Central banks are confusing investors, most likely they are confusing themselves

Henk J. Krasenberg - European Gold Centre

Henk J. Krasenberg

The central banks in the world play a funny role in the world of gold. As I have pointed out in my last month’s issue, they officially still abide by the important function of gold as an important element of global monetary reserves. They have owned gold throughout history, some more than others, but during the recent years, they have been generally on the sell-side of the market. Opposed to the almost blind belief in the shiny yellow metal that ever characterized the central banks, in modern times that belief was often questioned by politicians who saw the gold reserves as only dead money, not bringing any return on capital at all.

Amazing in this respect was that these sounds were particularly heard in times when the gold price was not a subject of excitement as for instance in the later 1990′s. It is a fact that most selling of gold by the central banks was done at prices that should make those politicians and bankers ashamed of themselves now. In this respect, it is noteworthy to quote a few things that George Osborne, the U.K. Chancellor of the Exchequer (what a beautiful name for a Minister of Finance!), said in his 2012 budget speech: ”Gordon Brown’s sale of 400 tons of gold in 1999 has cost the United Kingdom GBP11 billion”. The decision to sell the gold was ”. . . one of the worst economic judgements ever made by a chancellor.” Brown was Chancellor of the Exchequer under the then ruling Labour Party.

Osborne’s dig at the opposition Labour Party during his March 21 budget speech led to an uproar in House of Commons. He also announced the Treasury is getting back into bullion. ”We are also taking the opportunity to rebuild Britain’s reserves, which had fallen to historically low levels”, said Osborne, ”I can confirm our gold holdings have risen in value to £11 billion. This does not include the 400 or so tonnes of gold sold a decade ago for £2 billion, and which would now be worth six times that at over £13 billion pounds.”
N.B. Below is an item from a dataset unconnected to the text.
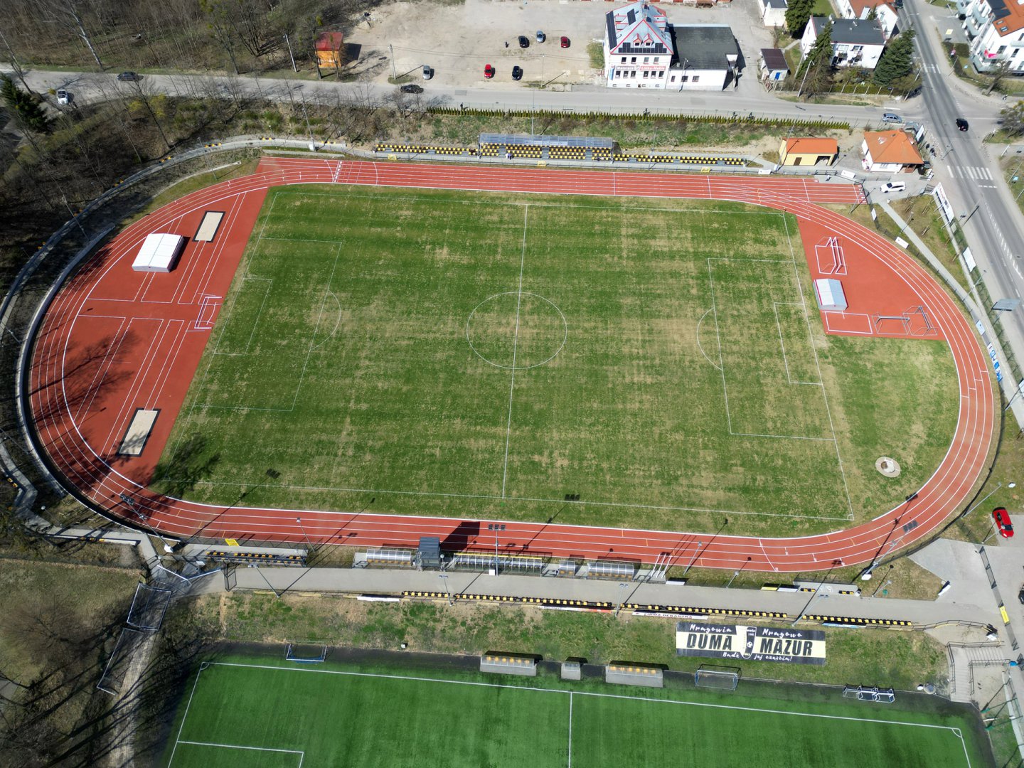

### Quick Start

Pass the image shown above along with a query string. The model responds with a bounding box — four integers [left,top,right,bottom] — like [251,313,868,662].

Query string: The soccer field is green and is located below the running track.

I would like to comment that of course, it seems not too difficult to blame Gordon Brown now in full hindsight. As politicians have come to use the phrase ”with the knowledge we have today…….” whenever they are making those easy statements, mostly for their political glory, they tend to come away with them this way.

In another news item, quite a remarkable statement appeared. The IMF, the mother of all central banks, usually doesn’t say much about gold. But early this week, they made a statement about their expectation that commodity prices will suffer as a result of the global economy remaining weak. Although it was generally expected that Spain would have difficulty in selling their 10-year bonds, the news came yesterday that it had succeeded to do so, albeit at a high interest rate. For the time being, its threatening insolvency has been turned off. I like to remind you that also with Greece, solutions were found that later proved not be real solutions. Let’s see how it will go with Spain.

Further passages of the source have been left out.